[Data excerpts]
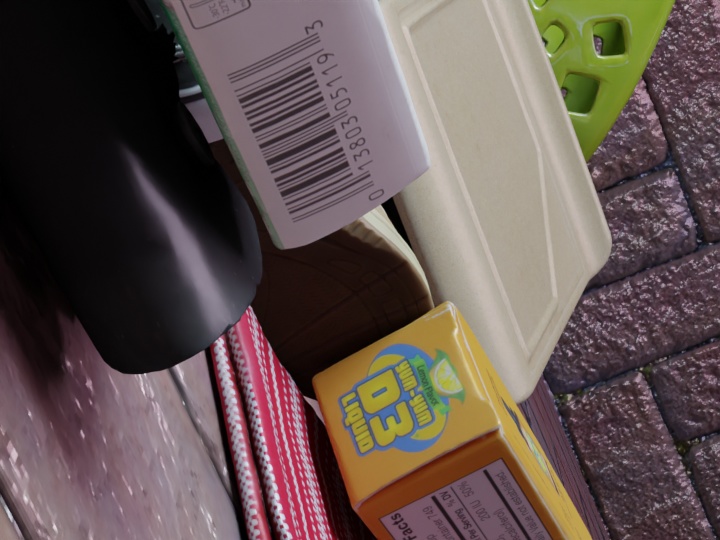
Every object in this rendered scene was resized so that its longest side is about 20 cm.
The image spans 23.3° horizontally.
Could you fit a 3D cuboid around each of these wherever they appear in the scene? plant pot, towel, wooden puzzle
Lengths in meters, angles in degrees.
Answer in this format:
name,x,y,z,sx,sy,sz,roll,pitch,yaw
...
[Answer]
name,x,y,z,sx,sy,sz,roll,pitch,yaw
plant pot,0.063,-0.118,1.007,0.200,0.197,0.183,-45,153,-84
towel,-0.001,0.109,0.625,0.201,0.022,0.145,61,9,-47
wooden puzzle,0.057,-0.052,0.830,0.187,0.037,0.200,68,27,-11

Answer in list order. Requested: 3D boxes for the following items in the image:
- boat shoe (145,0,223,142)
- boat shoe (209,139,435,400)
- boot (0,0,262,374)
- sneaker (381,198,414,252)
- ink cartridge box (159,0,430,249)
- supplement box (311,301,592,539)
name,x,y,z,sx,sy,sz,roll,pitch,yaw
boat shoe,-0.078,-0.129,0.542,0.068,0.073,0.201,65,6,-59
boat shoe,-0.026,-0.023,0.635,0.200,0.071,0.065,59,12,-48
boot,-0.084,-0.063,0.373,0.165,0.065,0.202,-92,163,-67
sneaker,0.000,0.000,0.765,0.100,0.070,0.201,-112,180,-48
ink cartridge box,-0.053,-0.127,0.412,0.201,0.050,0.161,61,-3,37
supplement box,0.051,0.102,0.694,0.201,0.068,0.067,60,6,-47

---

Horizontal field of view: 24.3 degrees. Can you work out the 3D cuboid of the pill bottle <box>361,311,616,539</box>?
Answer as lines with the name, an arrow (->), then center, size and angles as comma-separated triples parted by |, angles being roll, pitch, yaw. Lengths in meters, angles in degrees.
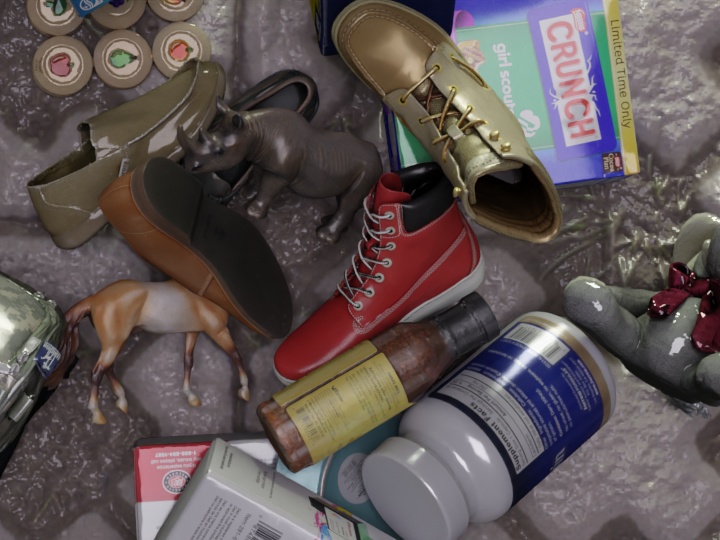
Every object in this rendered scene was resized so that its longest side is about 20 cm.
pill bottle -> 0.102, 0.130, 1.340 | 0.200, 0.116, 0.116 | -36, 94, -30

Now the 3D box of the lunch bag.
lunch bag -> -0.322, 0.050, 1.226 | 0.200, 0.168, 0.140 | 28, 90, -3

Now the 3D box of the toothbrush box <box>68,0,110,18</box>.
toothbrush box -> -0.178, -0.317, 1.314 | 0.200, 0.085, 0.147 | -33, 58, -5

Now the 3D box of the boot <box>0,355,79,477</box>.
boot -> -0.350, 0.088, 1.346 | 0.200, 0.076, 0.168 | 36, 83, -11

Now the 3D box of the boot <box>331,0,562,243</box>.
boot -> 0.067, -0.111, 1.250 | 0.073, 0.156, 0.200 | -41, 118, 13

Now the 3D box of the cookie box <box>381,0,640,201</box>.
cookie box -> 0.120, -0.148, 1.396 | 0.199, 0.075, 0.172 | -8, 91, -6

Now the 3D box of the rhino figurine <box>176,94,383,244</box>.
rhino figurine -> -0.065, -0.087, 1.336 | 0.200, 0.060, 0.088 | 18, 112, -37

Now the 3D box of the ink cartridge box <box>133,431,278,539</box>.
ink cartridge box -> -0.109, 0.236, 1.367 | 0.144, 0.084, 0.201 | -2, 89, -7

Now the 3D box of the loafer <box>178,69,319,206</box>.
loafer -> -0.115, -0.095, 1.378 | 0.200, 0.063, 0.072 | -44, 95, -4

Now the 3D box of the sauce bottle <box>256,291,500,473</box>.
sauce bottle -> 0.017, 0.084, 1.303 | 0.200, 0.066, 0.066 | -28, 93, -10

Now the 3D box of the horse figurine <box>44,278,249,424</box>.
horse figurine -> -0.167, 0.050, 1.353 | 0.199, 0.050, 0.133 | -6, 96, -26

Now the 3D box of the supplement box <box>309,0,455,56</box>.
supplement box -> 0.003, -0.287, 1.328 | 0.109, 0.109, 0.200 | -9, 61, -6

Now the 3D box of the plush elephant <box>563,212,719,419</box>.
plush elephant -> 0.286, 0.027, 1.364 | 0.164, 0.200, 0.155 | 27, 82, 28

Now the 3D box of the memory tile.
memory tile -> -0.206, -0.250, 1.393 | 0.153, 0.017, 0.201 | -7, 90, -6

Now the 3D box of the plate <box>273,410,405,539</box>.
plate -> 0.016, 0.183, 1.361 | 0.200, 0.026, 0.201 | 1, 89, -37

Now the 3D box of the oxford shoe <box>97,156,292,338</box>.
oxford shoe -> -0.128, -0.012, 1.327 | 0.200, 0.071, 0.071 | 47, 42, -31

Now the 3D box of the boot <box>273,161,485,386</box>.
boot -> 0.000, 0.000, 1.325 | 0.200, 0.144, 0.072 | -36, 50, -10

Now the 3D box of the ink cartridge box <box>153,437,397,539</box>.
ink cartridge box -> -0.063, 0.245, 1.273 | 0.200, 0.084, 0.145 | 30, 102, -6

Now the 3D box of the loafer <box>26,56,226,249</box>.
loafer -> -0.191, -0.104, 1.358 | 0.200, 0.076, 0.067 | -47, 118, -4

Assignment ::
A single figure is required: the number of lines in the data where the word "image" occurs.

Solved exercise ::
2